In 2001, Handley founded global mobile marketing and media company The Hyperfactory with his brother Derek. According to the Company's website, The Hyperfactory claims to "power brands and businesses through the mobile medium" for clients such as BlackBerry and Coca-Cola. In July 2009 the founders sold a 19.9% stake to Des Moines, Iowa based media and marketing company Meredith Corporation. The valuation was not disclosed; the New Zealand Herald cites a valuation range of NZ$55–60m. In 2010, Meredith Corporation acquired the remainder.

As the most awarded mobile agency globally, The Hyperfactory won six Webby Awards in 2009 placing them second in the inaugural 'Global Webby Agency of the Year' award. The company was nominated for more awards in the Global Mobile Marketing Association Awards in 2007 than any other company in the world. At the 2008 Global Mobile Marketing Association Awards, The Hyperfactory won the most awards (five) including two global categories. The Hyperfactory is also the winner of numerous Cannes Lions (Grand Prix Media Lion & Bronze Lion 2007, Cannes Media Lions Gold 2007), Clios, Mobile Marketing Association, Marketing-Interative 2010 Agency of the year – Mobile 2010, IDC'S TOP 10 Wireless Companies to watch in America 2007, Effie's, DMA, OMMA, Deloitte Fast 500 Asia Pacific (2004, 2005), AdTech and Webby awards, including AdAge Top 15 Mobile Agencies 2012 and iMedia Mobile Agency of the Year 2011, finalist in 2012 and 2013.

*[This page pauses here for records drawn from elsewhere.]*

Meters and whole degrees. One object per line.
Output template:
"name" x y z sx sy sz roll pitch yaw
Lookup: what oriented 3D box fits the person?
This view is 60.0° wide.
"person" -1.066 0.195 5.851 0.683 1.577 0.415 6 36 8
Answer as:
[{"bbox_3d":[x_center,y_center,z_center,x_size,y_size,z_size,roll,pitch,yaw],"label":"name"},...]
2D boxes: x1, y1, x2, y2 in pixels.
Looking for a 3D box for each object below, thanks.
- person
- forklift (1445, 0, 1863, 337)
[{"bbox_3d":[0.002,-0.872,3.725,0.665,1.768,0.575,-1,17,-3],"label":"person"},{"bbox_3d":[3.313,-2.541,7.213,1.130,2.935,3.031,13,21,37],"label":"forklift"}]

== Contribution to the Industry ==
Having actively served the mobile industry globally since 2000, appearing, keynoting and participating in events including Ad:Tech, Mobile Marketing Association Forums, OMMA, iMedia, Informa, CTIA, Consumer Electronics Show, Mobile Entertainment Forum, Geoffrey has made great contributions. He has conducted high intensity executive workshops with corporate clients across the US and South East Asia, including P&G, GOME, Haier, Samsung, Unilever, Coca-Cola, Johnson & Johnson, Nokia, Toyota and Motorola. He has been invited to serve on global jury and judging panels including the Webbys, the Mobile Marketing Association, Effie's and the Inaugural Mobile Jury at the 2012 Cannes Lions.

In addition to being a sought after speaker, panellist, and futurist, Geoffrey has received the recognition from his peers for his contributions to the industry in the form of the MIN Online 21 Most Intriguing People in Media 2011, was appointed to the Global list of Top Ten Mobile Thinkers (2011) by influential mobile industry body DotMobi, and was named one of the 40 Most Influential People in New Zealand Telecommunications (2004, 2005). His startups have also been honoured as one of 100 Brilliant Companies by Entrepreneur.com in 2010.

He has also held the positions of Global board director – Global Secretary Mobile Marketing Association (2009 – 2010), Executive board member – North America Mobile Marketing Association (2012 – 2012) and Founding Executive board director – Asia Pacific Chapter Treasurer, Secretary Mobile Marketing Association (January 2007 – 2010). He has served on the iMedia Breakthrough Summit 2012 – Advisory Board & Judging Panel and the iMedia Agency Summit 2012 – Advisory Board (2012).

== Other Ventures ==
Geoffrey is working with the start-up and investment community in the US and Greater China to further the advancement of disruptive technologies and platforms. He is an active founder, investor, and advisor to numerous startups including his role as Co-founder of Australasia's leading mobile advertising agency, Snakk Media (NZX:SNK) successfully listed on the New Zealand stock exchange in 2013 and now in voluntary administration. In addition, he is a Founding General Partner of China Scot Fund (2013) which is an early stage investment and consulting practice focused on advancing disruptive digital technology, investor to IMRSV (2013 NYC), investor to Booktrack (2011 Greater New York City Area), investor and advisor to We&Co (2011 Greater Atlanta Area), advisor to Media & Marketing Technology Council in Manhattan (2011) and a limited partner and advisor to Eniac Ventures (2010 New York).